In a recent session of her course Folkdance as an Expression of Resistance, Abir Ward, a lecturer in the College of Arts & Sciences Writing Program, led her students through another example-Irish protest dance-and its recent morphing into something very different: the spectacle-laden global blockbuster Riverdance.

Abir Ward says her class teaches that dance is a "universal language" that we all speak despite our political differences. Photo courtesy of the College of Arts & Sciences Writing Program

British colonizers tried to suppress Irish culture, including dancing, as far back as the 17th-century Penal Laws. Over many years, Ward told students, dancing-aided by itinerant "dance masters" surreptitiously teaching traditional steps-resisted cultural extermination.

The Irish "even used to have someone stand on the roof of a house, just so they can tap or stomp their feet to alert the people downstairs for dancing that the redcoats are approaching," she said. "They started attaching coins to the heels and soles of their shoes to make more noise.…They were even using the rhythm of the redcoats marching down the streets to dance to.

"Irish dance was more than just dance. It was a preservation of a culture. It was a preservation of people."

In the 1990s, generations after Irish independence, Riverdance emerged as an expression of that culture-but commodified and "shaped for an international audience," said Ward, who screened for the class a performance on a massive Dublin stage. In stark contrast to traditional dances, the video featured orchestral music, a cumulus backdrop, and-along with many dancers in the traditional, arms-hugging-sides tap dancing-Riverdance originator Michael Flatley, leaping around stage, the folds of his snowy pirate shirt billowing like an eagle's wings.

Students caught the difference between traditional and new moves. "Michael's not restricted at the torso," said one, adding that his roaming across the stage was almost "territorial."

Arsheya Jaishiva (CDS'28) says she enrolled in the class after its surface contradiction piqued her interest: "When we think about dance, the last thing we think about is political resistance." But the course's historical study has given her new perspectives on topics like anti-Nazi resistance in World War II. "We know about that, but we never studied the dance aspect of it and how it could be such powerful resistance," she says. "Professor Ward is such an amazing teacher because she has so much experience in this, and we're able to connect our own cultures to it as well."

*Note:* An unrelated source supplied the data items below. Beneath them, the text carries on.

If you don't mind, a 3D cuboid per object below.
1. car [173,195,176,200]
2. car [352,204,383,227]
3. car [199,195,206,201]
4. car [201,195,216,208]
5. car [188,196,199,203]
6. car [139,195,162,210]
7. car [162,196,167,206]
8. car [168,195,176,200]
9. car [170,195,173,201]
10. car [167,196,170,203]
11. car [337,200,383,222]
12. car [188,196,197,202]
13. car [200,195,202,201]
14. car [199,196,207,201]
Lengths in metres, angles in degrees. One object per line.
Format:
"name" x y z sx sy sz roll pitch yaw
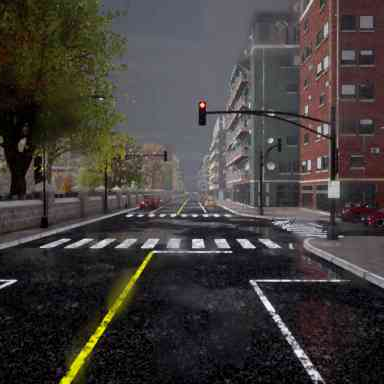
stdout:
"car" -5.613 1.624 82.665 1.802 1.307 4.206 0 0 0
"car" 14.688 1.851 24.722 4.181 1.385 1.994 1 0 0
"car" 2.772 1.593 88.193 1.887 1.381 4.507 0 0 0
"car" 2.736 1.538 49.616 1.752 1.417 4.829 0 0 0
"car" 0.070 1.577 69.224 2.033 1.411 5.357 0 0 0
"car" -5.651 1.324 43.918 2.192 1.841 5.009 0 0 0
"car" -5.640 1.457 54.989 1.967 1.590 4.097 0 0 0
"car" -5.604 1.580 93.565 1.752 1.417 4.829 0 0 0
"car" -5.624 1.613 71.594 1.802 1.307 4.206 0 0 0
"car" -5.635 1.566 60.524 1.887 1.381 4.507 0 0 0
"car" 14.643 1.591 27.327 5.009 1.841 2.192 1 -1 0
"car" 0.078 1.591 79.635 1.994 1.385 4.181 0 0 0
"car" 2.741 1.562 54.981 1.887 1.381 4.507 0 0 0
"car" 2.767 1.587 82.658 1.887 1.381 4.507 0 0 0

For Jaishiva, that has meant writing about street theater in India as an advocacy tool for women in the 21st century. "I didn't know that those dances were used for any sort of political resistance, let alone for women's rights.…There's costumes, dance, a lot of facial expressions."

Dancing may not have toppled tyrants. But the fact that governments have sought to suppress indigenous dance over the centuries, Jaishiva notes, demonstrates how subversive they consider it. "It's allowed [women activists in India] to build a community within each other and also to advocate for their rights."

Nia Negron (ENG'28) went to the first class of the semester, uncertain about whether she'd stick with it. As a dancing fan, she knew little about folk dance, but she found Ward's survey of different nations' traditions intriguing. "With each one, we learn a little bit about the history of the culture and why their folk dance looks the way it does," Negron says. For class essays, "We were encouraged to look at folk dance relating to our own ethnicities and cultures, so I feel like I have learned a lot more and connected more with my Hungarian heritage, which I am truly grateful for."

Teaching the class taps the personal for Ward: her Lebanese family and her master's degree thesis in comparative literature at Lebanese American University, which compared Irish and Lebanese art under oppression.

Dance in both countries-"which historically are not connected in any way, shape or form," she tells BU Today-share certain motifs: "They do similar dance formations. Their steps are also similar. There is heavy footwork in their dances." Beyond Ireland and Lebanon, the course includes other nations of the Levant. Traditionally, Ward says, the way that the dabke was performed signified the land type the dancer lived on. People from flat valley areas danced softly and "swayed slightly. However, if they came from the mountains, they would go down and up, kind of mimicking the terrain."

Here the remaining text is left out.